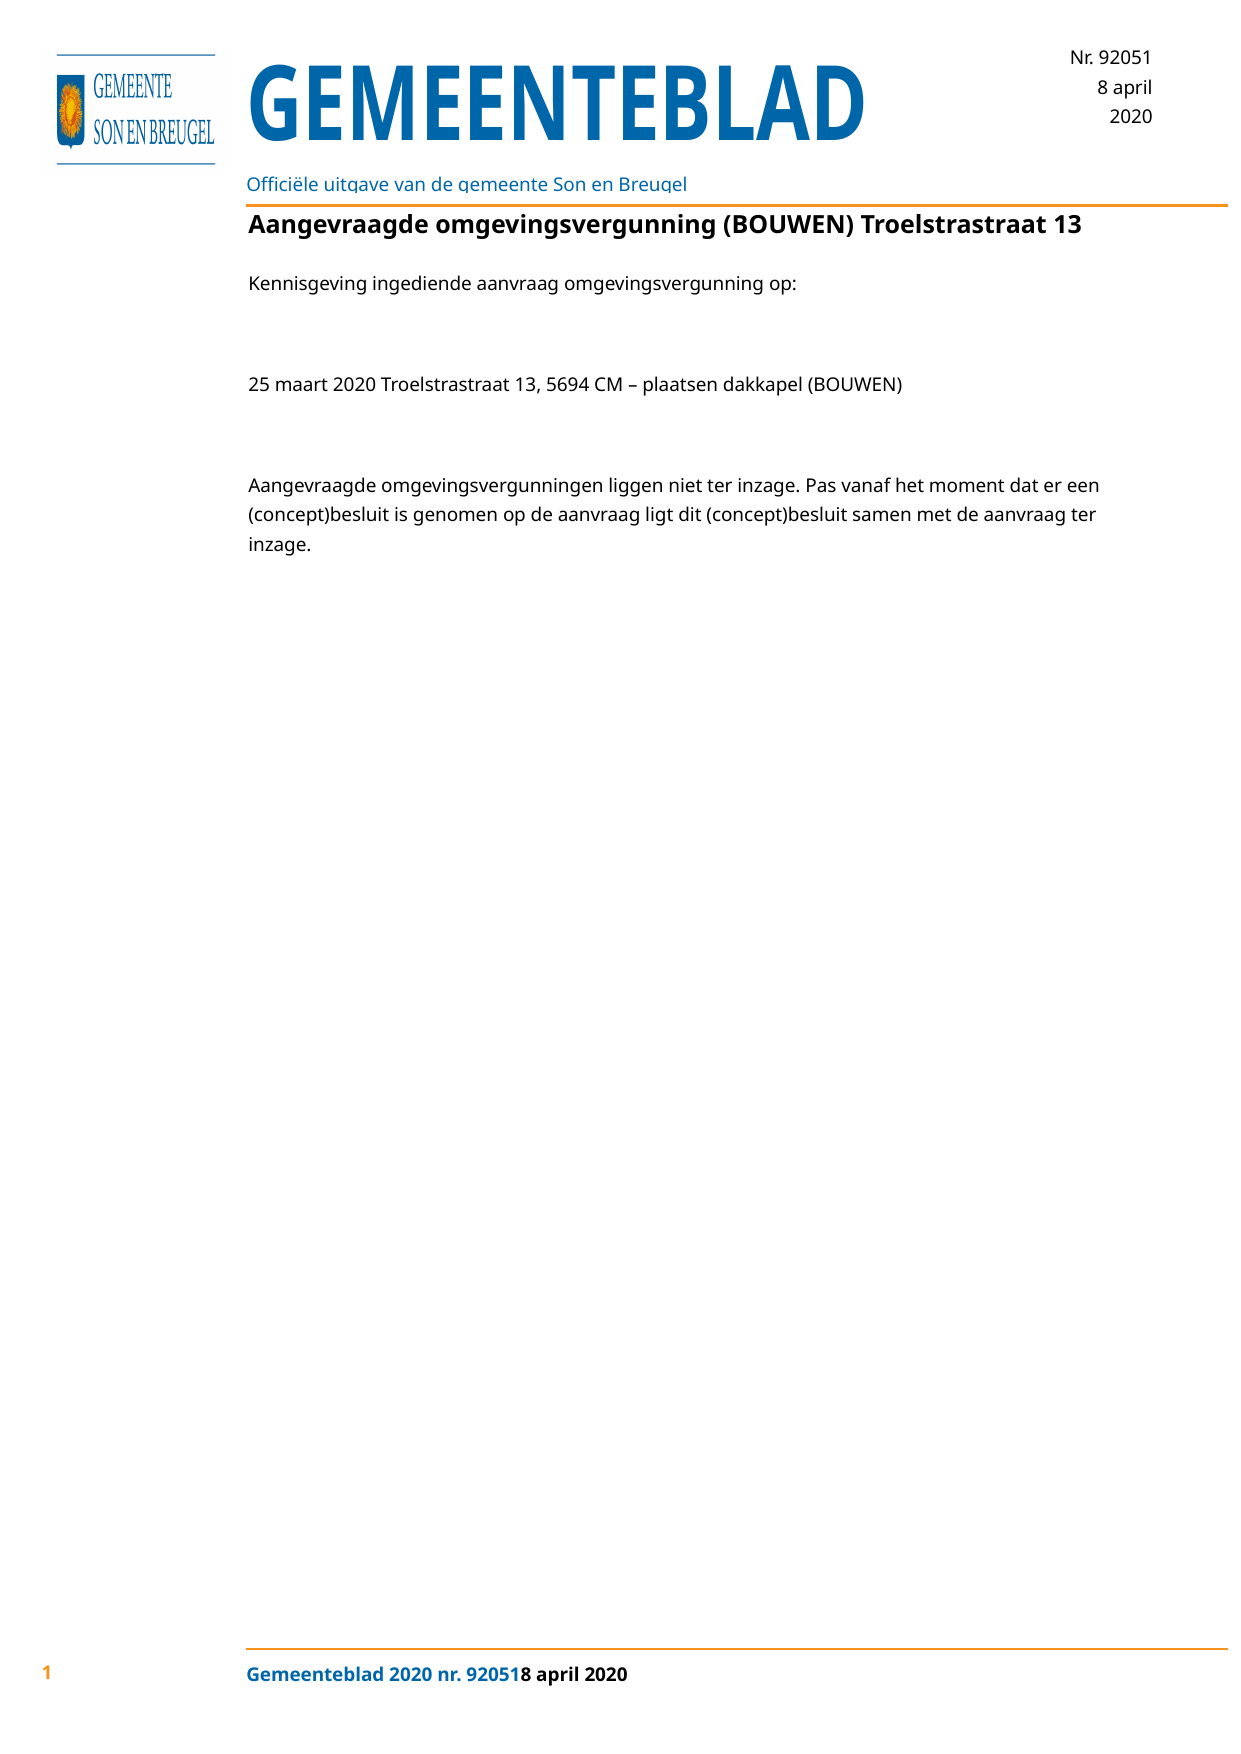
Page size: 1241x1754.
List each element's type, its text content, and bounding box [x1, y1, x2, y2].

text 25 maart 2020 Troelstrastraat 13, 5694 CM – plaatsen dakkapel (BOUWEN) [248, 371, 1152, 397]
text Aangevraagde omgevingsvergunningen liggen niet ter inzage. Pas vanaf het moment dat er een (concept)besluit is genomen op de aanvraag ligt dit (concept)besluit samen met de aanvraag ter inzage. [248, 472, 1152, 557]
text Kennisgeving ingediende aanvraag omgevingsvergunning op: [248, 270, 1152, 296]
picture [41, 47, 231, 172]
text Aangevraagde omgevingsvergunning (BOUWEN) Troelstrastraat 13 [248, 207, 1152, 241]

* * * *

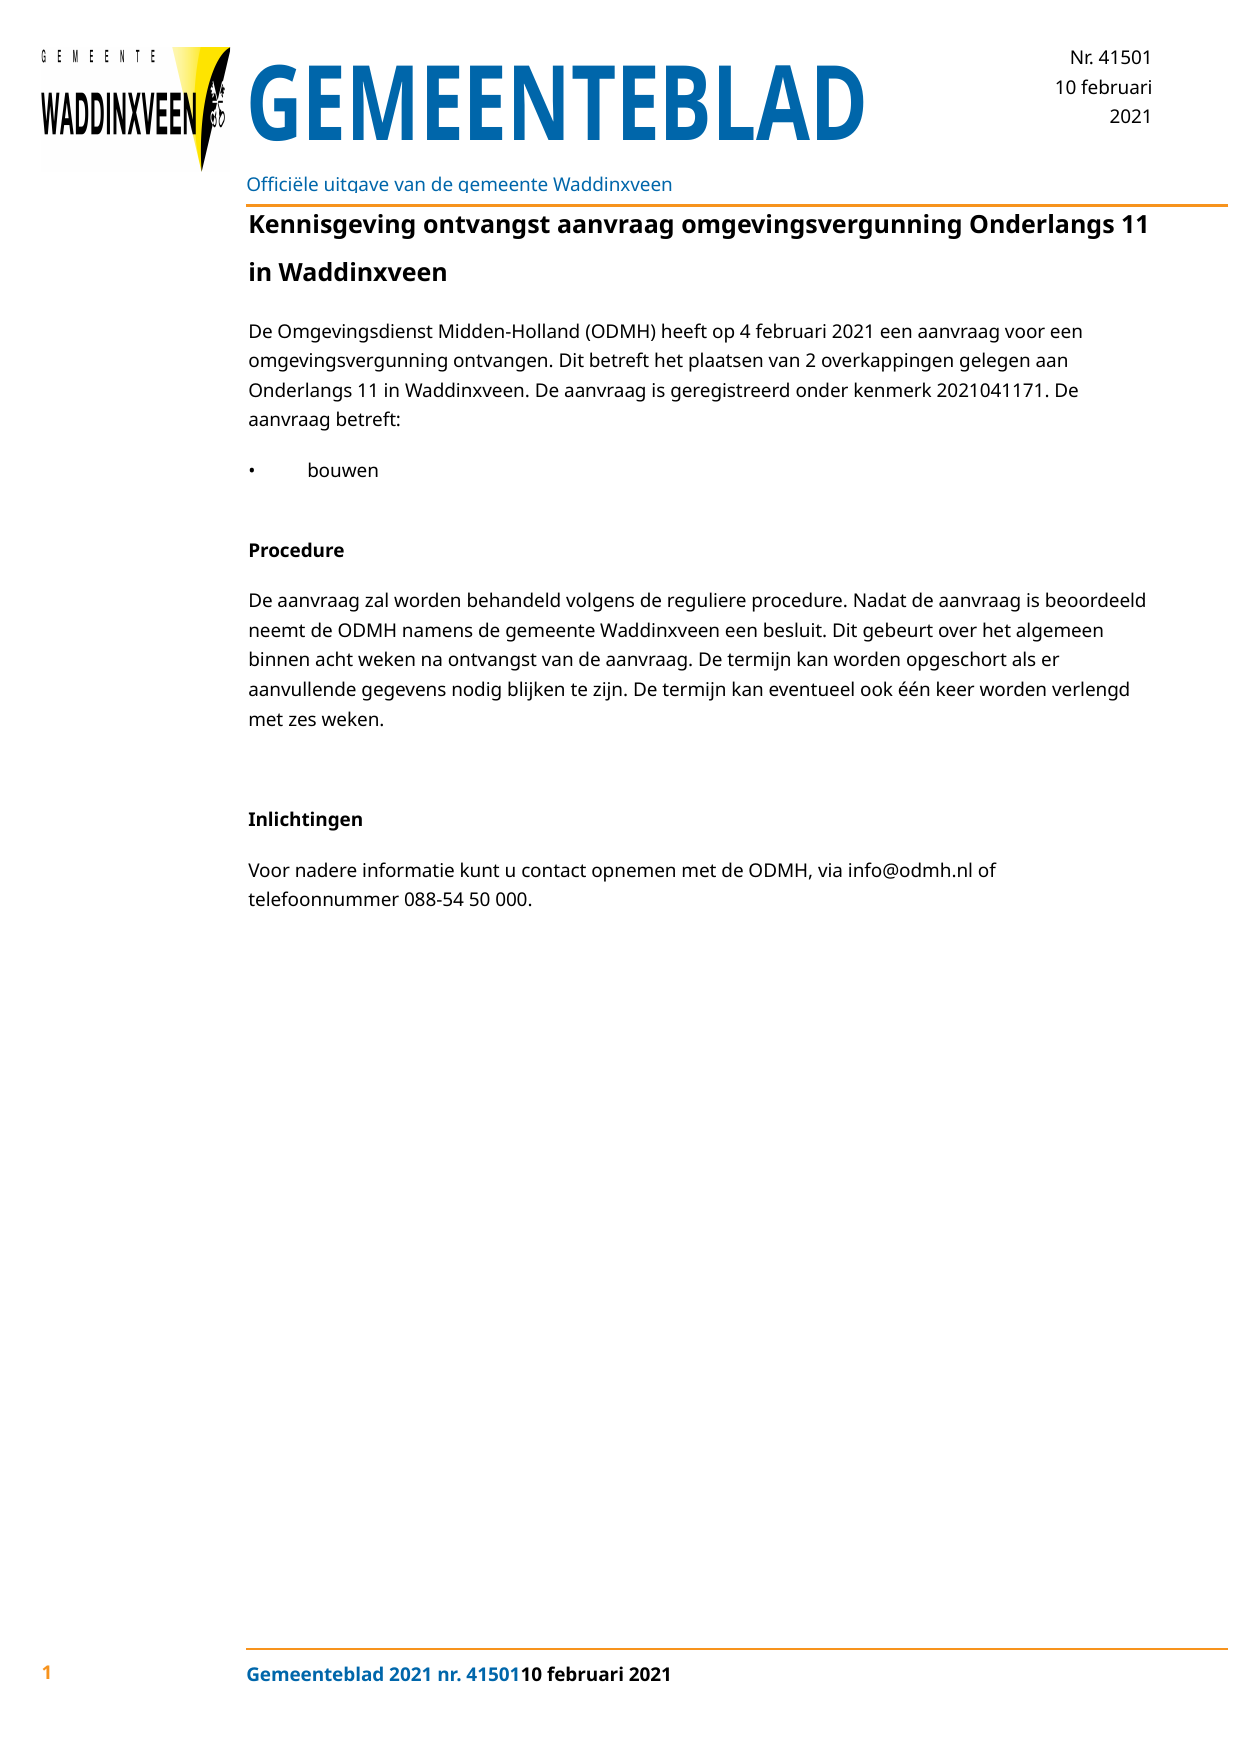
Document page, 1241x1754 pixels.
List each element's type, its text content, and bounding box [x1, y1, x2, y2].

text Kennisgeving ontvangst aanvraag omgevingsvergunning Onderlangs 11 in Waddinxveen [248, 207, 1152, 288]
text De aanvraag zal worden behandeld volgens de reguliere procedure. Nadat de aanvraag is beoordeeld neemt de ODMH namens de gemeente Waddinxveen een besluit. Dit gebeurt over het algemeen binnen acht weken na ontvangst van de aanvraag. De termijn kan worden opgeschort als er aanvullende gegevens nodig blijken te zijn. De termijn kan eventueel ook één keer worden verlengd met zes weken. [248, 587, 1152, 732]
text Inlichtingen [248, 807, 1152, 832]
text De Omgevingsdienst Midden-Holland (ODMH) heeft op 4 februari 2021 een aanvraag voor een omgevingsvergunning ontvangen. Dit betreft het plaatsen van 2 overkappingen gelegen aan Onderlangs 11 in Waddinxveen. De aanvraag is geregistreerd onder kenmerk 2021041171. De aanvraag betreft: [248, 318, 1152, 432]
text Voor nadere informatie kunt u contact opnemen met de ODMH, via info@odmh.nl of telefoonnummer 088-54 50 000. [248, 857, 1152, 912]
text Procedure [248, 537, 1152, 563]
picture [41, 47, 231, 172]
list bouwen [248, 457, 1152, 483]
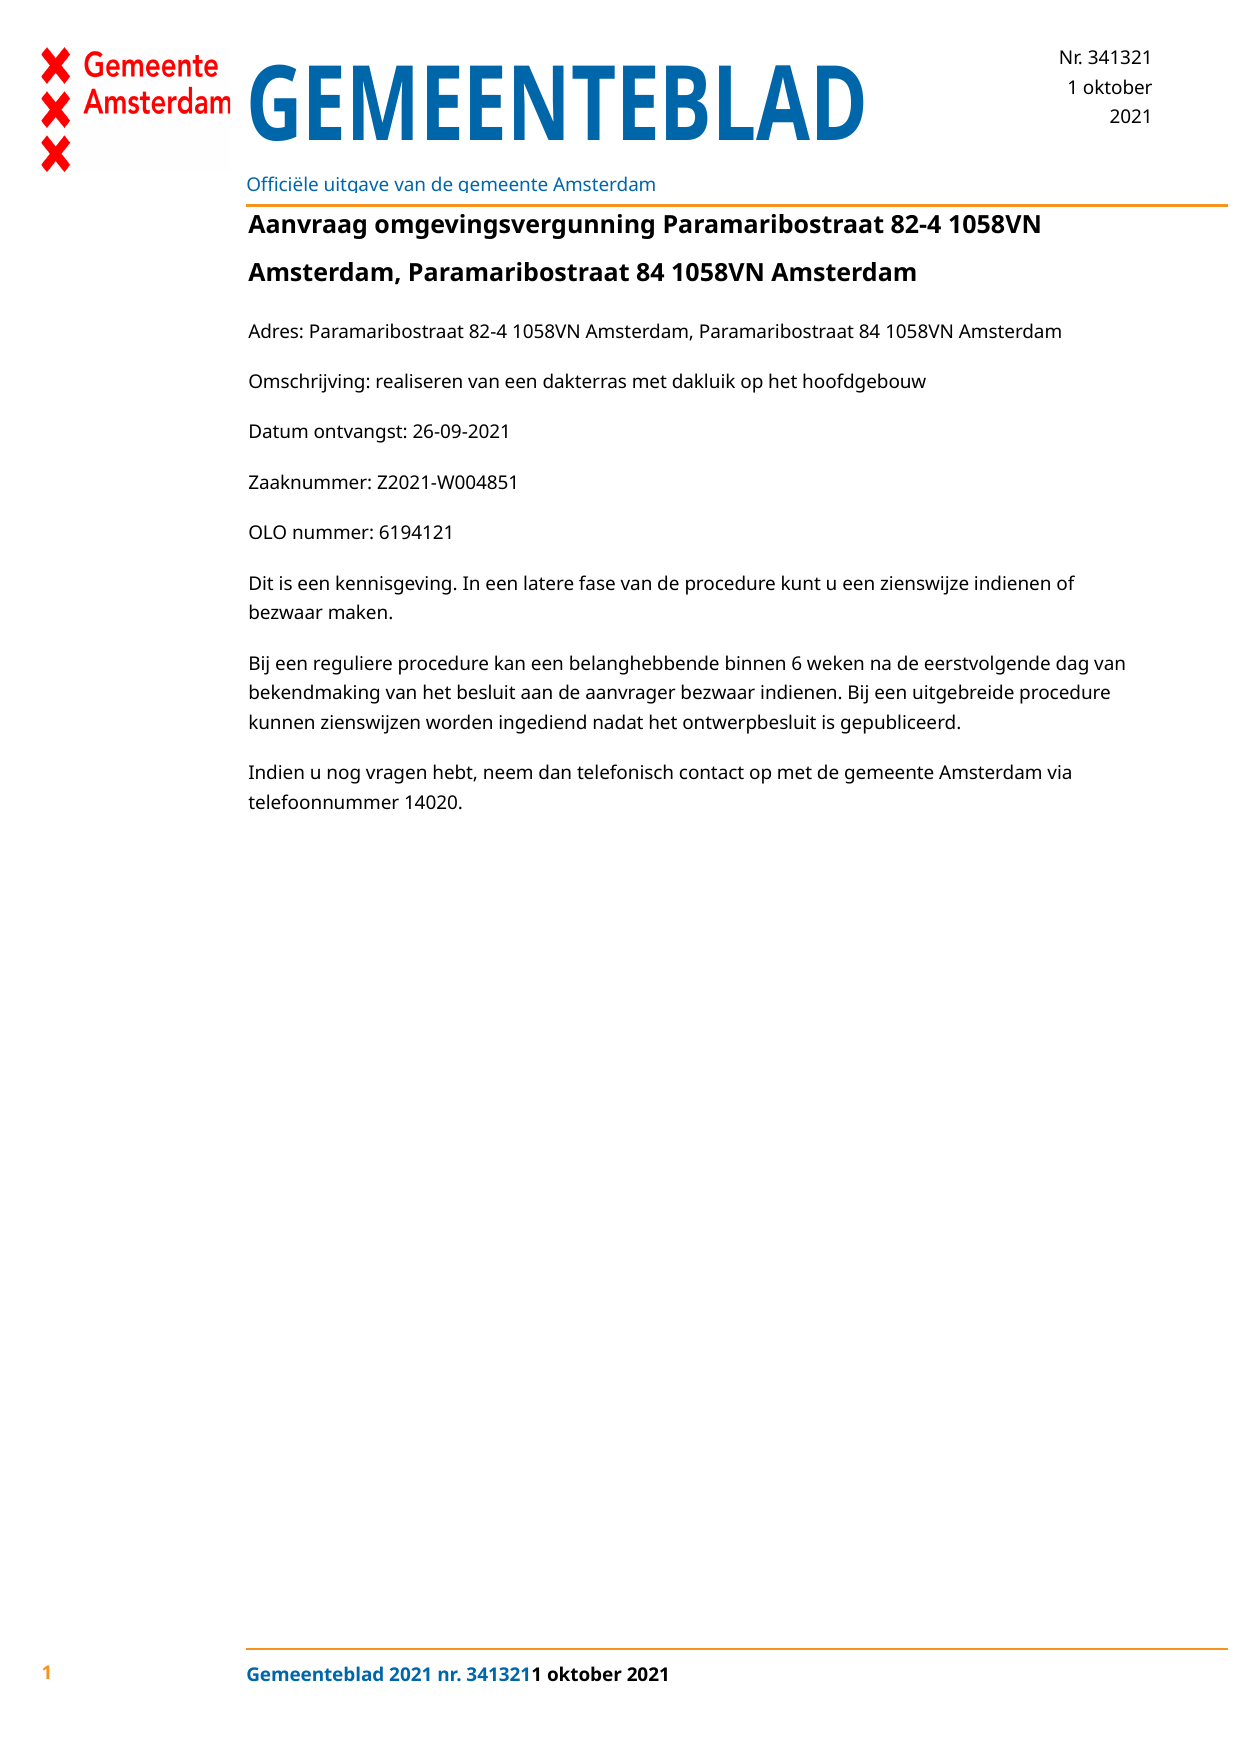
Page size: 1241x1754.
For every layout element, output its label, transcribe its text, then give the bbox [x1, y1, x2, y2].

* * * *

EXERCISE INSTRUCTIONS.
Return only the stretch above from the line containing "Document page, 1241x1754 pixels." through the line containing "For every layout", word for word and without pictures.

YOUR RESPONSE.
Document page, 1241x1754 pixels.
List each element's type, its text content, and bounding box [x1, y1, x2, y2].

text Kennisgeving ontvangst aanvraag omgevingsvergunning Onderlangs 11 in Waddinxveen [248, 207, 1152, 288]
text De aanvraag zal worden behandeld volgens de reguliere procedure. Nadat de aanvraag is beoordeeld neemt de ODMH namens de gemeente Waddinxveen een besluit. Dit gebeurt over het algemeen binnen acht weken na ontvangst van de aanvraag. De termijn kan worden opgeschort als er aanvullende gegevens nodig blijken te zijn. De termijn kan eventueel ook één keer worden verlengd met zes weken. [248, 587, 1152, 732]
text Inlichtingen [248, 807, 1152, 832]
text De Omgevingsdienst Midden-Holland (ODMH) heeft op 4 februari 2021 een aanvraag voor een omgevingsvergunning ontvangen. Dit betreft het plaatsen van 2 overkappingen gelegen aan Onderlangs 11 in Waddinxveen. De aanvraag is geregistreerd onder kenmerk 2021041171. De aanvraag betreft: [248, 318, 1152, 432]
text Voor nadere informatie kunt u contact opnemen met de ODMH, via info@odmh.nl of telefoonnummer 088-54 50 000. [248, 857, 1152, 912]
text Procedure [248, 537, 1152, 563]
picture [41, 47, 231, 172]
list bouwen [248, 457, 1152, 483]
Page size: 1241x1754.
For every layout element, output its label, transcribe its text, then give the bbox [x1, y1, x2, y2].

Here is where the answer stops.